Слушая его полусумасшедший шепот, я стискивала слабеющими руками ткань платья. Растерянная, напуганная и не понимающая — почему мне так… противно? А как же моё «лечение»? В прошлый раз, когда ко мне прикасались с очевидными намерениями, всё было не так! С Дисом всё было иначе. Замечательно. Прекрасно. Волшебно. Тогда что со мной происходит теперь?
Индра мой будущий муж, чёрт возьми! Почему этому строптивому телу так трудно это уяснить? Отвращение — совсем не та реакция, которая должна следовать за ласками супруга! Как мне изменить этот безусловный рефлекс на другой?
На тот, который свойственен всем нормальным женщинам.
— Скажи это, — потребовал мужчина, прижимаясь ко мне грудью, бёдрами, вырывая из горла беззвучный всхлип. — Мне нужно твоё добровольное согласие. Признание этого очевидного факта. Хочу услышать, как ты произносишь это. Ну же, Эла. Скажи, что ты моя.
Нетерпеливые движения его ладоней совершенно сбивали с толку, не давали сосредоточиться. Хотя, стоило ли задумываться над смыслом его действий, ведь намерения Индры были довольно прозрачны. Он прибыл сюда из Тавроса не за тем, чтобы просто повидаться со старым знакомым и вспомнить былое.
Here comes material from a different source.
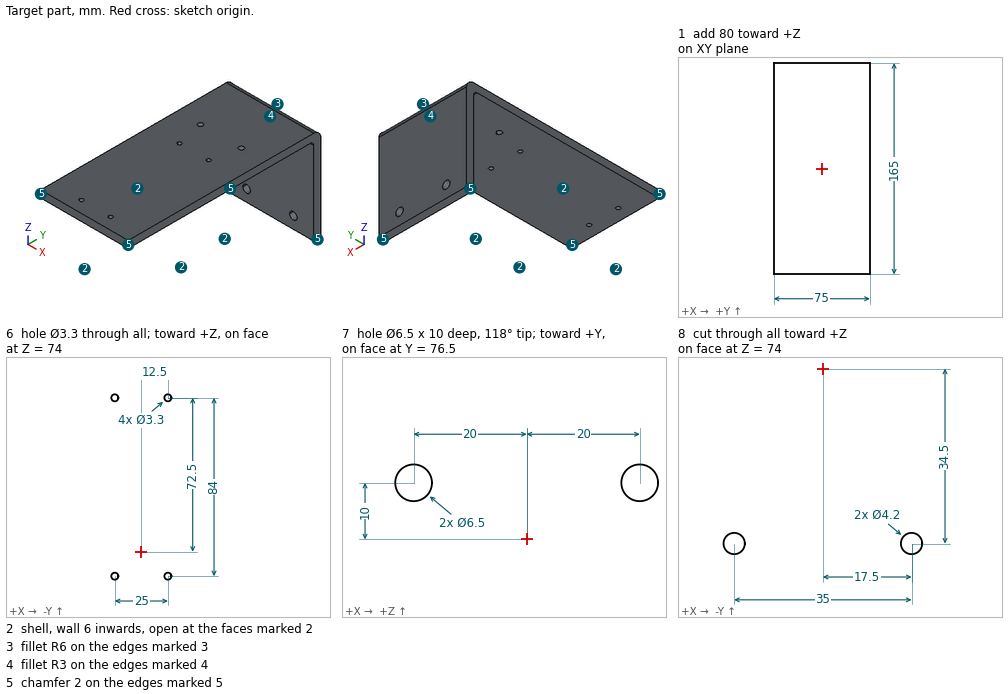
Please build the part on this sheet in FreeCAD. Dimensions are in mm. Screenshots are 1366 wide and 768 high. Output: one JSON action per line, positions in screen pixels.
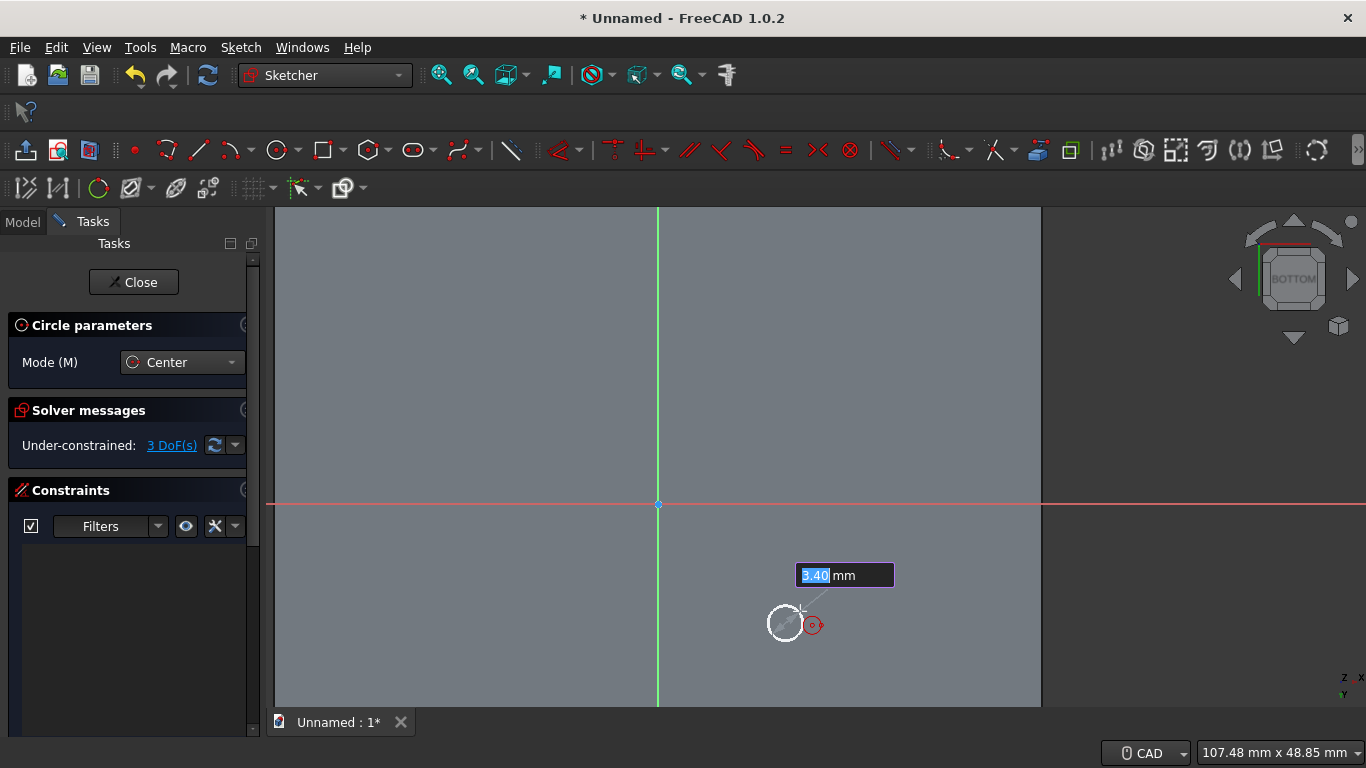
{"action": "left_click", "coordinate": [798, 610]}
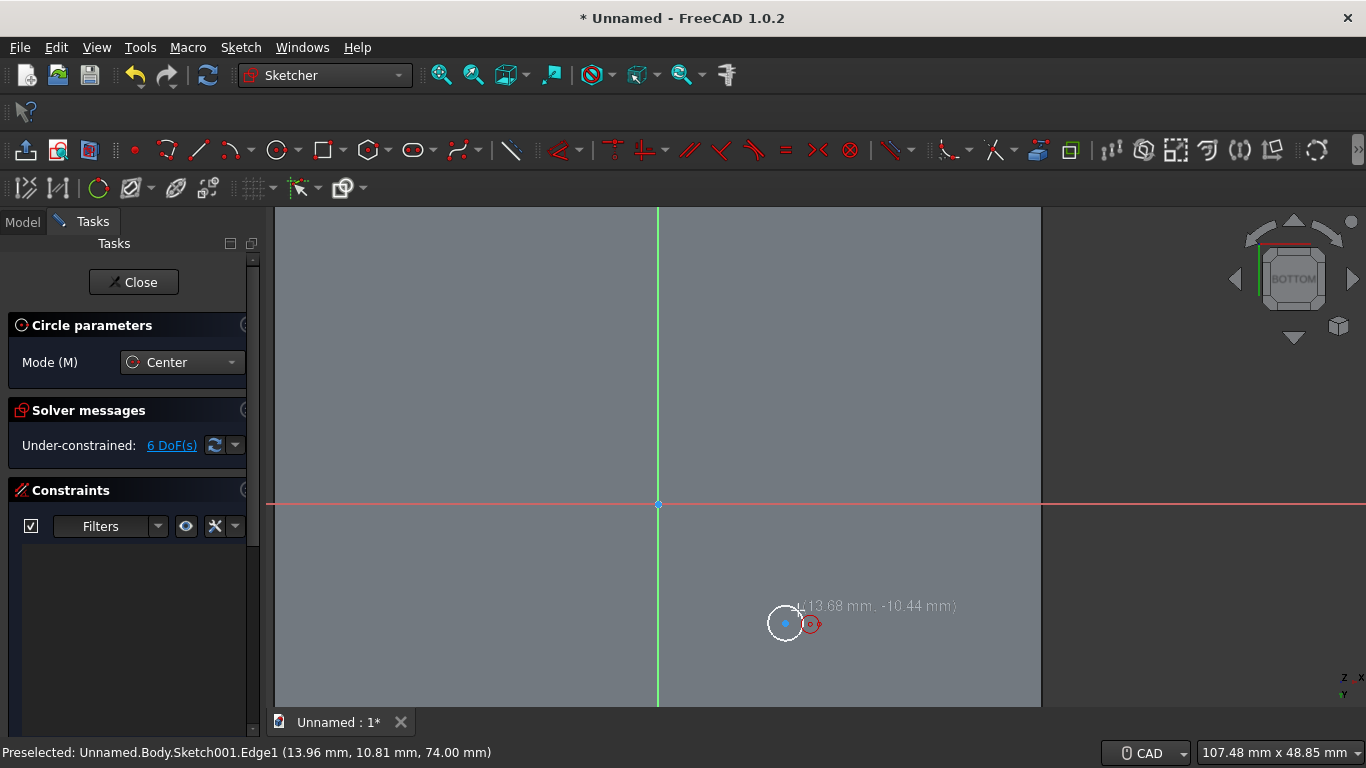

Каждое его слово и жест говорили о том, что отведённый мне срок в три года вот-вот подойдёт к концу. И что терпение мужчины на исходе.
Потому мне же будет лучше в качестве извинения и доказательства своей преданности предложить ему столь желанное тело. Признать его власть. Отдаться.
В горле застревали слова, когда я, вобрав воздуха в грудь, заговорила:
— Я не… никогда… нико…
Его рука молниеносным движением накрыла мне рот.
— Ты только что едва не совершила самую большую ошибку в своей жизни, — глухо прорычал Индра мне на ухо. — Теперь заслужить моё прощение будет ещё сложнее. Ты хоть понимаешь, с чем играешь? — устало положив голову мне на плечо, он прошептал: — От тебя требуется всего два простых слова. Я дам тебе за них всё. Всё, что захочешь. Только скажи мне то, что я хочу от тебя услышать.